Transcribe the entries that follow exactly as they appear, minus pictures.

*** Begin section ***

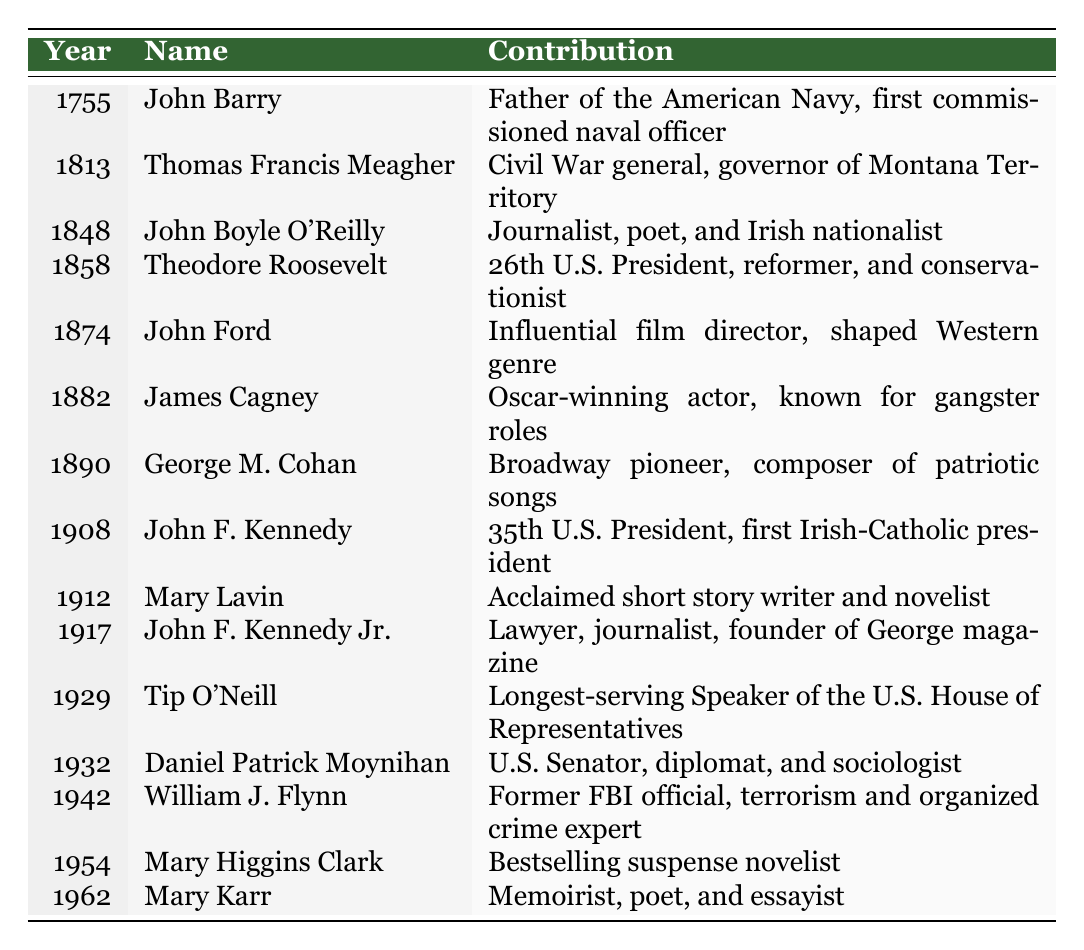What year was John Barry active? John Barry is listed in the table with the year 1755, which indicates the year he was active.
Answer: 1755 Who was the longest-serving Speaker of the U.S. House of Representatives? The table lists Tip O'Neill in 1929 as the longest-serving Speaker of the U.S. House of Representatives.
Answer: Tip O'Neill How many individuals listed in the table made significant contributions before the 20th century? The table contains entries for John Barry (1755), Thomas Francis Meagher (1813), John Boyle O'Reilly (1848), Theodore Roosevelt (1858), John Ford (1874), James Cagney (1882), and George M. Cohan (1890), which totals seven individuals before the 20th century.
Answer: 7 Did John F. Kennedy Jr. contribute to journalism? The table indicates that John F. Kennedy Jr. was a lawyer and journalist, hence the answer is true; he did contribute to journalism.
Answer: Yes Who was the first Irish-Catholic president of the U.S.? The table shows that John F. Kennedy, who served as the 35th U.S. President and is identified as the first Irish-Catholic president, is listed for the year 1908.
Answer: John F. Kennedy What major contributions did individuals from the 1930s to the 1960s make? From the table, Daniel Patrick Moynihan (1932) was a U.S. Senator and diplomat, William J. Flynn (1942) was an expert on terrorism and organized crime, Mary Higgins Clark (1954) was a bestselling novelist, and Mary Karr (1962) was a memoirist. Summarizing, they contributed in politics, law enforcement, literature, and memoir writing.
Answer: Politics, law enforcement, literature, memoir writing Which film director and what specific genre did they influence? The table notes that John Ford, listed for 1874, was an influential film director who shaped the Western genre.
Answer: Western genre What was the contribution of George M. Cohan? According to the table, George M. Cohan contributed as a Broadway pioneer and composer of patriotic songs in the year 1890.
Answer: Broadway pioneer, composer Which two individuals listed were involved in the military? The table indicates that Thomas Francis Meagher (1813), a Civil War general, and John Barry (1755), the Father of the American Navy, were both military figures.
Answer: Thomas Francis Meagher, John Barry What trends can you observe regarding the contributions of Irish-Americans in various fields over time? The table shows a progression from military and political contributions in the 18th and 19th centuries to cultural contributions in literature, film, and suspense novels in the 20th century, indicating a widening scope of influence.
Answer: Broader influence in culture and politics over time

*** End section ***

**Solution**
What year was John Barry active? John Barry is listed in the table with the year 1755, which indicates the year he was active.
Answer: 1755 Who was the longest-serving Speaker of the U.S. House of Representatives? The table lists Tip O'Neill in 1929 as the longest-serving Speaker of the U.S. House of Representatives.
Answer: Tip O'Neill How many individuals listed in the table made significant contributions before the 20th century? The table contains entries for John Barry (1755), Thomas Francis Meagher (1813), John Boyle O'Reilly (1848), Theodore Roosevelt (1858), John Ford (1874), James Cagney (1882), and George M. Cohan (1890), which totals seven individuals before the 20th century.
Answer: 7 Did John F. Kennedy Jr. contribute to journalism? The table indicates that John F. Kennedy Jr. was a lawyer and journalist, hence the answer is true; he did contribute to journalism.
Answer: Yes Who was the first Irish-Catholic president of the U.S.? The table shows that John F. Kennedy, who served as the 35th U.S. President and is identified as the first Irish-Catholic president, is listed for the year 1908.
Answer: John F. Kennedy What major contributions did individuals from the 1930s to the 1960s make? From the table, Daniel Patrick Moynihan (1932) was a U.S. Senator and diplomat, William J. Flynn (1942) was an expert on terrorism and organized crime, Mary Higgins Clark (1954) was a bestselling novelist, and Mary Karr (1962) was a memoirist. Summarizing, they contributed in politics, law enforcement, literature, and memoir writing.
Answer: Politics, law enforcement, literature, memoir writing Which film director and what specific genre did they influence? The table notes that John Ford, listed for 1874, was an influential film director who shaped the Western genre.
Answer: Western genre What was the contribution of George M. Cohan? According to the table, George M. Cohan contributed as a Broadway pioneer and composer of patriotic songs in the year 1890.
Answer: Broadway pioneer, composer Which two individuals listed were involved in the military? The table indicates that Thomas Francis Meagher (1813), a Civil War general, and John Barry (1755), the Father of the American Navy, were both military figures.
Answer: Thomas Francis Meagher, John Barry What trends can you observe regarding the contributions of Irish-Americans in various fields over time? The table shows a progression from military and political contributions in the 18th and 19th centuries to cultural contributions in literature, film, and suspense novels in the 20th century, indicating a widening scope of influence.
Answer: Broader influence in culture and politics over time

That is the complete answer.